• WHAT YOU NEED TO DO: Once the line containing "Format example (made" is found in the entries below, restate it and each following line word for word, stopping after the line containing "Desired result: a".

Dataset entries
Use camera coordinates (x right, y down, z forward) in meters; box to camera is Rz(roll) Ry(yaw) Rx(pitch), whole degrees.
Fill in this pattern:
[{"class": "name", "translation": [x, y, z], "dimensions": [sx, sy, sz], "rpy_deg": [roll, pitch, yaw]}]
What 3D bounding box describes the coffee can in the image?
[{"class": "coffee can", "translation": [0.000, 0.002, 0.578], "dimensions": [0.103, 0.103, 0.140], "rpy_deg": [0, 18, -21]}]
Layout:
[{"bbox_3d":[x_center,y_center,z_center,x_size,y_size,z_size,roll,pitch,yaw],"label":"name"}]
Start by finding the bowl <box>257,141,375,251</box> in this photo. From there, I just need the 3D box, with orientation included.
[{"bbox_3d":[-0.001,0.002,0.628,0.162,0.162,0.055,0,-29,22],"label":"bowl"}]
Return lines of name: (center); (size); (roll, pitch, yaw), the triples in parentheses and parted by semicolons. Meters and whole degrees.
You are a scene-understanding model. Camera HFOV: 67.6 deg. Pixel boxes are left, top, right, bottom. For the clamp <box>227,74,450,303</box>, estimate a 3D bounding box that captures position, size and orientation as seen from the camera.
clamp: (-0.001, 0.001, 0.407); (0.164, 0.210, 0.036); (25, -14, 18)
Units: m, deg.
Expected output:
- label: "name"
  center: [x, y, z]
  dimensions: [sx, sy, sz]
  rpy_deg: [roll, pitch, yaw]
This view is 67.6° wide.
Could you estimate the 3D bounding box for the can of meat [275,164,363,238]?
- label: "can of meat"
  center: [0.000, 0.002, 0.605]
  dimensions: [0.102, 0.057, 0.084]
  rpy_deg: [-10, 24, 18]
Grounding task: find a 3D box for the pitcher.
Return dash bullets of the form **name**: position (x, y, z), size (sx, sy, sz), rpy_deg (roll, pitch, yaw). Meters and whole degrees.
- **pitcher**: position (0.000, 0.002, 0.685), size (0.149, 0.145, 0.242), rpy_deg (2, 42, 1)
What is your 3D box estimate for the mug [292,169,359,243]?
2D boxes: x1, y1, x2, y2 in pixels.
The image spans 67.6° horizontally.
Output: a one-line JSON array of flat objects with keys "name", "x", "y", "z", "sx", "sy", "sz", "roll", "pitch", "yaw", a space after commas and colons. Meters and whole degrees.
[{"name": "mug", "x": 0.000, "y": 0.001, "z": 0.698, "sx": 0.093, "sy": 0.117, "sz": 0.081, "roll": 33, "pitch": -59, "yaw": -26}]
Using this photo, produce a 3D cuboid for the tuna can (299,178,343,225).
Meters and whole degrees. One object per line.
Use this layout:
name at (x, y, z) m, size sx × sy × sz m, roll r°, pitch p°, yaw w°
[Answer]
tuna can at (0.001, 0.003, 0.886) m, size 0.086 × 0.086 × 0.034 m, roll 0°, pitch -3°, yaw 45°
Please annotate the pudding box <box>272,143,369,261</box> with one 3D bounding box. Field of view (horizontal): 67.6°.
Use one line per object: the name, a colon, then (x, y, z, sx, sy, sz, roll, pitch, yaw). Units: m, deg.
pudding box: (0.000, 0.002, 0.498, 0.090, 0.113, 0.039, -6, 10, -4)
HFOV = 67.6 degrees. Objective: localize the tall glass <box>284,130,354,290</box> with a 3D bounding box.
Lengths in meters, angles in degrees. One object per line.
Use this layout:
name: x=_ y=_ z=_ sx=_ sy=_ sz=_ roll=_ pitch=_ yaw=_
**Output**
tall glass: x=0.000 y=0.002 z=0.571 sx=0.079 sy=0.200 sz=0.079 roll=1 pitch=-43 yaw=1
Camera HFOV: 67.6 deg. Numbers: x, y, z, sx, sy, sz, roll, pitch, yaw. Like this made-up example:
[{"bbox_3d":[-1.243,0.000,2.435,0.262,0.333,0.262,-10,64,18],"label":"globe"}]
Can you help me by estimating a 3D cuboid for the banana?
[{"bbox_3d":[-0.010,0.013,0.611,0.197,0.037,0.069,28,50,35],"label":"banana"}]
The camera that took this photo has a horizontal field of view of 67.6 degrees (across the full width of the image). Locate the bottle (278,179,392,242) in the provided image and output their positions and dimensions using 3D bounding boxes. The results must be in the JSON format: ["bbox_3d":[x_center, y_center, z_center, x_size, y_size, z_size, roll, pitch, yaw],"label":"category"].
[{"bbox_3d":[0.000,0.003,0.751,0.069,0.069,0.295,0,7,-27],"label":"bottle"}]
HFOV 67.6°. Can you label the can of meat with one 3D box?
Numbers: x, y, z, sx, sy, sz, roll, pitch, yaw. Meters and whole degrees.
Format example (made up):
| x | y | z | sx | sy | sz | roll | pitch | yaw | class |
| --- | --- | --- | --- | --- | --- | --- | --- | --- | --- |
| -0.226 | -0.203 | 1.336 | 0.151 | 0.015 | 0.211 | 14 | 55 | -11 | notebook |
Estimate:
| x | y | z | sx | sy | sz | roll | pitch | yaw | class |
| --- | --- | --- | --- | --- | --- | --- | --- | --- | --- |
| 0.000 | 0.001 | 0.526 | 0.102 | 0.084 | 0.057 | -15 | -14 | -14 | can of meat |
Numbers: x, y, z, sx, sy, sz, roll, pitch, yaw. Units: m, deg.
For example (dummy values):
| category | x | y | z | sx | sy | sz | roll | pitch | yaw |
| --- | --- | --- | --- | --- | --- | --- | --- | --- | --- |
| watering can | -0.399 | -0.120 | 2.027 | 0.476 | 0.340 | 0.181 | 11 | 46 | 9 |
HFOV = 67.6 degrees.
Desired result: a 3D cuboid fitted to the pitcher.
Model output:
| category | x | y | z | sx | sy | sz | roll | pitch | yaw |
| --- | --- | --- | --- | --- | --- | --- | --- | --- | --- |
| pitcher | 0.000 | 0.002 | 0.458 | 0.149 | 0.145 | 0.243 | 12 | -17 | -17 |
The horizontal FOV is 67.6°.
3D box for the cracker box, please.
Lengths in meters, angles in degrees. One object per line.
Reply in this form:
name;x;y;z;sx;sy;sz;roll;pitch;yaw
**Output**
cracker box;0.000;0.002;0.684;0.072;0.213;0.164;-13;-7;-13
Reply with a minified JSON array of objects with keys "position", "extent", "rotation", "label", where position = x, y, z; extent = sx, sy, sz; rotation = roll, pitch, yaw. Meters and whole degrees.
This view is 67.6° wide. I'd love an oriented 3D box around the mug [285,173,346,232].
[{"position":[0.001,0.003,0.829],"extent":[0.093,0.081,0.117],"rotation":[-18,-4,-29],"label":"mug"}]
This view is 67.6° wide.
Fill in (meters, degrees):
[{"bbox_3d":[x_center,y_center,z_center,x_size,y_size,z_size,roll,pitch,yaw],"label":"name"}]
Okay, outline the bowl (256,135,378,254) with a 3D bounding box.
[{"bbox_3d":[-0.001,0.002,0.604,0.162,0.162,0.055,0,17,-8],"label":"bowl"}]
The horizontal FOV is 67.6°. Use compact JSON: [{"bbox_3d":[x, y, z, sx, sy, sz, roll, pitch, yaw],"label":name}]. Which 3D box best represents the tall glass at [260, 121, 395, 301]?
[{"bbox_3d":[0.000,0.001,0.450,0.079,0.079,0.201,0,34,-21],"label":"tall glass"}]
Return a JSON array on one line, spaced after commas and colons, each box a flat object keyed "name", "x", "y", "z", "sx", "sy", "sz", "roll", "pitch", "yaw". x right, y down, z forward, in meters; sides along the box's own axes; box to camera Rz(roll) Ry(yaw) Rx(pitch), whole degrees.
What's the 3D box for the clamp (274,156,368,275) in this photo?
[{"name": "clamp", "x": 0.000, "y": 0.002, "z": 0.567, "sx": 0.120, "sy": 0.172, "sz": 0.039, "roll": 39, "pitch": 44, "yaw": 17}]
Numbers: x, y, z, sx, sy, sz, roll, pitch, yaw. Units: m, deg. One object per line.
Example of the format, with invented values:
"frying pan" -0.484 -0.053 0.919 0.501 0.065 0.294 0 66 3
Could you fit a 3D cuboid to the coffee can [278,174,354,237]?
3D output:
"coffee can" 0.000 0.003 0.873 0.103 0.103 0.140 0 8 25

• ANSWER BOX:
Format example (made up):
| x | y | z | sx | sy | sz | roll | pitch | yaw | class |
| --- | --- | --- | --- | --- | --- | --- | --- | --- | --- |
| -0.226 | -0.203 | 1.336 | 0.151 | 0.015 | 0.211 | 14 | 55 | -11 | notebook |
Estimate:
| x | y | z | sx | sy | sz | roll | pitch | yaw | class |
| --- | --- | --- | --- | --- | --- | --- | --- | --- | --- |
| 0.000 | 0.001 | 0.526 | 0.102 | 0.084 | 0.057 | -15 | -14 | -14 | can of meat |
Numbers: x, y, z, sx, sy, sz, roll, pitch, yaw. Units: m, deg.
For example (dummy values):
| category | x | y | z | sx | sy | sz | roll | pitch | yaw |
| --- | --- | --- | --- | --- | --- | --- | --- | --- | --- |
| watering can | -0.399 | -0.120 | 2.027 | 0.476 | 0.340 | 0.181 | 11 | 46 | 9 |
HFOV = 67.6 degrees.
Desired result: a 3D cuboid fitted to the pitcher.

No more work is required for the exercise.